New Umrah licensing rules raise concerns of monopoly and rising costs in Uzbekistan
The government of Uzbekistan has introduced stringent new requirements for Umrah pilgrimage licenses, mandating a $1 million reserve deposit for tourism agencies. The decision has sparked concerns among local tour operators who fear that the new conditions may lead to monopolization within the industry. Kun.uz discussed these changes and their implications with Sherzod Sami and Farhod Hashimov, prominent figures in Uzbekistan’s tourism sector.
License Conditions and the Fear of Monopoly
The announcement, made on October 12, 2024, includes several new regulations for companies facilitating Umrah pilgrimages. The Committee on Religious Affairs, the organization responsible for the new licensing guidelines, has imposed what some see as restrictive conditions, which has led to widespread apprehension among stakeholders. The primary concern voiced by industry experts is that the sector might revert to a monopolistic model, limiting options for citizens and stifling competition.
“Neighboring countries’ tour operators are pleased, as they may soon attract Uzbek pilgrims,” said Sherzod Sami, a tour company head. “Our Saudi partners were shocked by the $1 million deposit requirement. This condition might block many businesses from obtaining the necessary licenses.”
Sami also highlighted the problematic nature of recent government policies, suggesting that the Umrah industry is facing punitive measures due to a scandal in 2023, when 19,000 pilgrims were stranded in Saudi Arabia due to complications with Panorama Airways. This incident led to significant losses for travel agencies and was a contributing factor in the tightening of regulations.

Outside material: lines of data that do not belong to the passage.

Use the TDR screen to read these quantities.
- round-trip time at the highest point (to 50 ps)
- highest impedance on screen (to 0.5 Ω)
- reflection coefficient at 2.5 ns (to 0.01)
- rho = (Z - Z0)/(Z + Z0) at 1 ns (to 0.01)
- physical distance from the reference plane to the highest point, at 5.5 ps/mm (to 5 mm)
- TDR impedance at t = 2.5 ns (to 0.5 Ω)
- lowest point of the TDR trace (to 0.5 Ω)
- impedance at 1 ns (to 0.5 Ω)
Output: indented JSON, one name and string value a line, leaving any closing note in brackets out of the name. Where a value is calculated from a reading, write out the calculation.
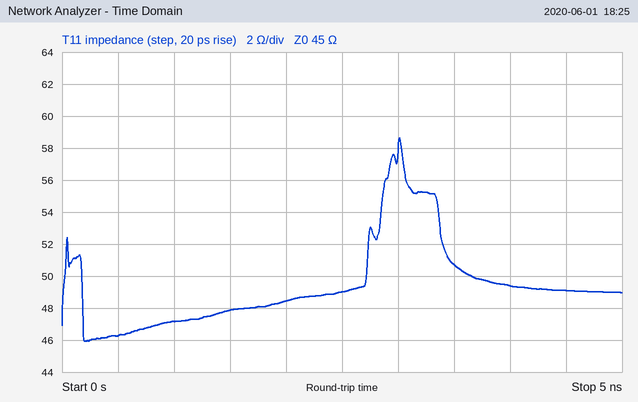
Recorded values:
{
  "round-trip time at the highest point": "3.00 ns",
  "highest impedance on screen": "58.5 Ω",
  "reflection coefficient at 2.5 ns": "(49 − 45)/(49 + 45) ≈ +0.04",
  "rho = (Z - Z0)/(Z + Z0) at 1 ns": "(47 − 45)/(47 + 45) ≈ +0.02",
  "physical distance from the reference plane to the highest point, at 5.5 ps/mm": "3.00 ns / 2 / 5.5 ps/mm ≈ 273 mm, so 275 mm to the nearest 5 mm",
  "TDR impedance at t = 2.5 ns": "49.0 Ω",
  "lowest point of the TDR trace": "46.0 Ω",
  "impedance at 1 ns": "47.0 Ω"
}

Stringent Requirements and Potential Consequences
The government’s new guidelines stipulate that tour companies must provide three-star accommodations for pilgrims and pre-purchase round-trip flight tickets. While some operators see the value in these requirements, they worry about the added financial strain and increased consumer costs. Hashimov commented, “These requirements may prevent unlicensed agencies from operating, but they will raise expenses, which will inevitably be passed on to consumers.”
The licensing requirements also ban operators from providing services through third-party entities, potentially limiting route options for Uzbek pilgrims. “It seems that only direct flights to Saudi Arabia are now allowed, with resident airlines receiving preferential treatment,” said Sami, who voiced concerns that this regulation could hinder competition and lead to higher fares.
Operators also mentioned additional challenges, such as the mandate for only Umrah visas, which come with higher fees than tourist visas but provide fewer options. Sami suggested, “There needs to be flexibility, as even our Saudi counterparts feel these restrictions are overly stringent.”
Financial Risks and Burden on Operators
One of the primary complaints is the financial risk associated with the new licensing policy. The $1 million reserve, set to be held in Uzbek som, poses potential exchange-rate risks for operators. Hashimov explained, “This amount, if held in som, exposes companies to currency fluctuations. The last time we converted funds, we lost about $5,000. If this happens on a $1 million scale, the losses could reach over $80,000, which will ultimately affect consumers.”
Tour operators also called on the Committee for Religious Affairs to reconsider the $1 million deposit requirement, suggesting a more flexible approach that could better reflect the needs and scale of the industry.
Challenges in Licensing Transparency
Despite public reassurances from the Committee for Religious Affairs that all qualified companies would be granted licenses, the official guidelines indicate a more selective process, mentioning only “winning firms.” This contradiction has caused concern among tour operators, who fear that competition for licenses may exclude capable companies from the market. Additionally, some companies noted the high cost of participating in the selection process itself, estimated at $10,000.
While the tourism sector has made significant progress in facilitating Umrah trips from Uzbekistan, the new regulations could drive pilgrims to seek services from neighboring countries. Sami commented, “With competitive pricing, we’ve served many visitors from neighboring regions, but these new conditions may shift the market away from Uzbekistan.”
As companies prepare for the licensing deadline on October 28, it remains to be seen how these policies will impact Uzbek pilgrims and the tourism industry at large. Sami concluded, “If the requirements remain as they are, the current prices may become a thing of the past, replaced by higher costs that will ultimately affect pilgrims.”